▽
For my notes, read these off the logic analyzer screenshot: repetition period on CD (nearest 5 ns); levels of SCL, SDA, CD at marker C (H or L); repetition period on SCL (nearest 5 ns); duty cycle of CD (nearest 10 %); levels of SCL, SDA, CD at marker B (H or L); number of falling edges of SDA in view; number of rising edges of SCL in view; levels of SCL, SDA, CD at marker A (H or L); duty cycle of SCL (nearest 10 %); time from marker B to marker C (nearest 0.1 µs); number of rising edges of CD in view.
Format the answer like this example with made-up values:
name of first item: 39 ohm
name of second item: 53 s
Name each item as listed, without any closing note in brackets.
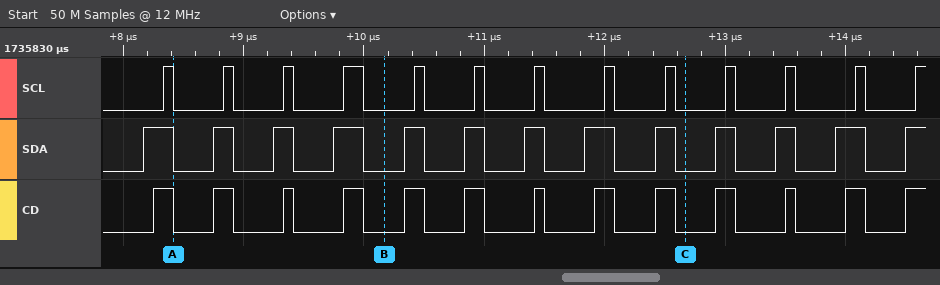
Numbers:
repetition period on CD: 520 ns
levels of SCL, SDA, CD at marker C: SCL=L, SDA=L, CD=L
repetition period on SCL: 520 ns
duty cycle of CD: 30 %
levels of SCL, SDA, CD at marker B: SCL=L, SDA=L, CD=L
number of falling edges of SDA in view: 12
number of rising edges of SCL in view: 13
levels of SCL, SDA, CD at marker A: SCL=L, SDA=L, CD=L
duty cycle of SCL: 20 %
time from marker B to marker C: 2.5 µs
number of rising edges of CD in view: 13
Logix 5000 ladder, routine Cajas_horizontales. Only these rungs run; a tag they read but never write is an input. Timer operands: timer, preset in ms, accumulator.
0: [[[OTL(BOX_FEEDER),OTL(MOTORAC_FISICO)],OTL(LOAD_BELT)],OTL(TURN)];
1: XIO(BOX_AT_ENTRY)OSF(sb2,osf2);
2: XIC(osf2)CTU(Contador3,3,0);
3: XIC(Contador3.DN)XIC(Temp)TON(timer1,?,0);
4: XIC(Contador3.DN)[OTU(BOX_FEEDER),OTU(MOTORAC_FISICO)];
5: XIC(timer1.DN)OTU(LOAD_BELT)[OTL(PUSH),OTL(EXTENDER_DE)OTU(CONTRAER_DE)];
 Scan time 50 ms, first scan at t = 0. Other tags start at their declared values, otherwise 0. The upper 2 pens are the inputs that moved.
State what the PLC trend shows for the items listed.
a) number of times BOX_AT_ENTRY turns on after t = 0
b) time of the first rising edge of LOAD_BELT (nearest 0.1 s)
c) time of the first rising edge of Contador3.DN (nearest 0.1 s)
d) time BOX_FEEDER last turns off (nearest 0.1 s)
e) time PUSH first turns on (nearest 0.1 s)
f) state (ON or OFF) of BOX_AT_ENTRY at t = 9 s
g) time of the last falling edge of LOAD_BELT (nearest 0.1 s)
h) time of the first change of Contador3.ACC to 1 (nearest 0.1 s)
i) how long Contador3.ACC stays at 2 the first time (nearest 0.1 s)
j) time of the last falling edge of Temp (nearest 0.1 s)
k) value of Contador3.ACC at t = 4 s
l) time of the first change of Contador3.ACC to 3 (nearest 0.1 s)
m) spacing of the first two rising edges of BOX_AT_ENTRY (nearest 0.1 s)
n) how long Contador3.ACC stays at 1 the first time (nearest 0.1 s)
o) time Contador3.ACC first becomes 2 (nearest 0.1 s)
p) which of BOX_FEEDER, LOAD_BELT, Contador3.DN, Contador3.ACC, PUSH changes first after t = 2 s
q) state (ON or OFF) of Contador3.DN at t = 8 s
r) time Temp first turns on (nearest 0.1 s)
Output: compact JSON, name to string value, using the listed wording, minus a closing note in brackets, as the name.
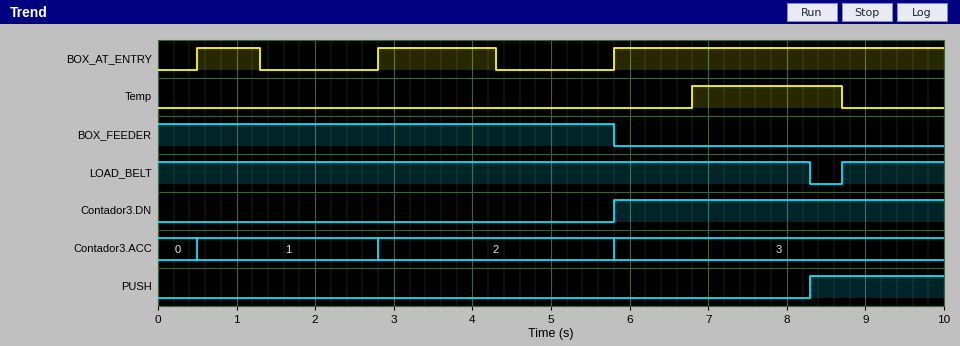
{"number of times BOX_AT_ENTRY turns on after t = 0": "3", "time of the first rising edge of LOAD_BELT": "8.7 s", "time of the first rising edge of Contador3.DN": "5.8 s", "time BOX_FEEDER last turns off": "5.8 s", "time PUSH first turns on": "8.3 s", "state (ON or OFF) of BOX_AT_ENTRY at t = 9 s": "ON", "time of the last falling edge of LOAD_BELT": "8.3 s", "time of the first change of Contador3.ACC to 1": "0.5 s", "how long Contador3.ACC stays at 2 the first time": "3.0 s", "time of the last falling edge of Temp": "8.7 s", "value of Contador3.ACC at t = 4 s": "2", "time of the first change of Contador3.ACC to 3": "5.8 s", "spacing of the first two rising edges of BOX_AT_ENTRY": "2.3 s", "how long Contador3.ACC stays at 1 the first time": "2.3 s", "time Contador3.ACC first becomes 2": "2.8 s", "which of BOX_FEEDER, LOAD_BELT, Contador3.DN, Contador3.ACC, PUSH changes first after t = 2 s": "Contador3.ACC", "state (ON or OFF) of Contador3.DN at t = 8 s": "ON", "time Temp first turns on": "6.8 s"}
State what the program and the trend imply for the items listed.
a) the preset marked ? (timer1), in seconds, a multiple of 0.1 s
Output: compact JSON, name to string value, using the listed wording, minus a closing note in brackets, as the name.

{"the preset marked ? (timer1), in seconds, a multiple of 0.1 s": "1.5 s"}
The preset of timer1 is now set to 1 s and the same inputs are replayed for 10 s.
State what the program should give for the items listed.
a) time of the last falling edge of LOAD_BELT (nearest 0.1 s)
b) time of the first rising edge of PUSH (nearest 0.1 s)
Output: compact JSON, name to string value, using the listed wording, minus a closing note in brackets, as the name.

{"time of the last falling edge of LOAD_BELT": "7.8 s", "time of the first rising edge of PUSH": "7.8 s"}
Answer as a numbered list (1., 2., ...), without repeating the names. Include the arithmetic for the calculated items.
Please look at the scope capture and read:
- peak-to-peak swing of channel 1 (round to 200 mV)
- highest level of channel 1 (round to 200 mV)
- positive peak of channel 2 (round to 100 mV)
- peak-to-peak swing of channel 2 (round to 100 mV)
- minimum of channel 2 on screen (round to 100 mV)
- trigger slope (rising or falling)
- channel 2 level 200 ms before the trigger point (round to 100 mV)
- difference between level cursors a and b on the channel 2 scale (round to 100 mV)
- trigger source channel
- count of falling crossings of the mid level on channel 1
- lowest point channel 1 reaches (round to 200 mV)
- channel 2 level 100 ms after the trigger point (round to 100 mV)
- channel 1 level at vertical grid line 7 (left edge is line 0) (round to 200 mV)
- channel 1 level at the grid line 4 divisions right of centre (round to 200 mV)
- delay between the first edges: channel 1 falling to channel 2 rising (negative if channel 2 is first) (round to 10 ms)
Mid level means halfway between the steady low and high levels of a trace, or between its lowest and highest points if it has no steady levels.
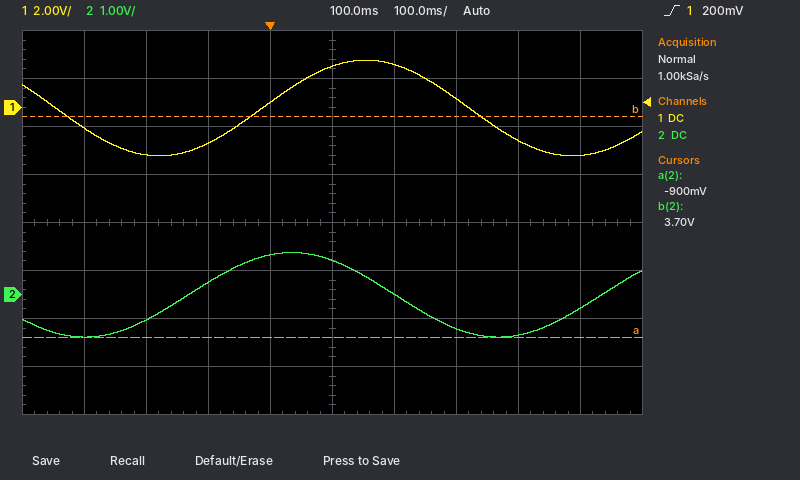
1. 2.0 V − (-2.0 V) = 4.0 V
2. 2.0 V
3. 900 mV
4. 900 mV − (-900 mV) = 1.8 V
5. -900 mV
6. rising
7. -500 mV
8. 4.6 V
9. channel 1
10. 2
11. -2.0 V
12. 700 mV
13. 400 mV
14. -2.0 V
15. +210 ms
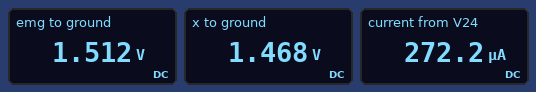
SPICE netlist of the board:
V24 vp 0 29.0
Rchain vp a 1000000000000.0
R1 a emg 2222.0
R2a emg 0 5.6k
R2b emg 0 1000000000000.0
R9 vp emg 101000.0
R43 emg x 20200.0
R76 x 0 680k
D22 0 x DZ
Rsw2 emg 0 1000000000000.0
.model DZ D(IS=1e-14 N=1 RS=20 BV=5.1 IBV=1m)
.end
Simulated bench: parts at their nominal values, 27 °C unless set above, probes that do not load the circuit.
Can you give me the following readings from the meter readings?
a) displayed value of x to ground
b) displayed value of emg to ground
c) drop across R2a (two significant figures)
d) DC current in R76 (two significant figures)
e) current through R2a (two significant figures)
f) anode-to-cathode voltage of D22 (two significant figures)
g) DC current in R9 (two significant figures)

1.468 V
1.512 V
1.5 V
2.2 µA
270 µA
-1.5 V
270 µA
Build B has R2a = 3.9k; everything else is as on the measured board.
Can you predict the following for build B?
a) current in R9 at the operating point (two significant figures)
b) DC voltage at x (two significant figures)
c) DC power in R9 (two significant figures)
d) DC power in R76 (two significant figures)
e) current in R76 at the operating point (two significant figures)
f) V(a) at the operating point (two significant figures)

280 µA
1.0 V
7.7 mW
1.6 µW
1.5 µA
1.1 V
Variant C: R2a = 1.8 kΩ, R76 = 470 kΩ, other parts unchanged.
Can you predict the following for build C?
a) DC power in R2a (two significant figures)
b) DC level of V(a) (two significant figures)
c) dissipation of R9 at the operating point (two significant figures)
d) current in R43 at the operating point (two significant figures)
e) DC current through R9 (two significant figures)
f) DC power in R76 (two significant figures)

140 µW
510 mV
8.0 mW
1.0 µA
280 µA
500 nW
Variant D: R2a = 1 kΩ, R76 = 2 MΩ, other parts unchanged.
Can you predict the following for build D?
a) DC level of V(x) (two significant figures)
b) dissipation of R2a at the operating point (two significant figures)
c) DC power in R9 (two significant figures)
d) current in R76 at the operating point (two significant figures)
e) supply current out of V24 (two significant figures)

280 mV
81 µW
8.2 mW
140 nA
280 µA
△
Read the data above and pull out each line that holds the string "trend".

*Written reply*
State what the PLC trend shows for the items listed.
State what the program and the trend imply for the items listed.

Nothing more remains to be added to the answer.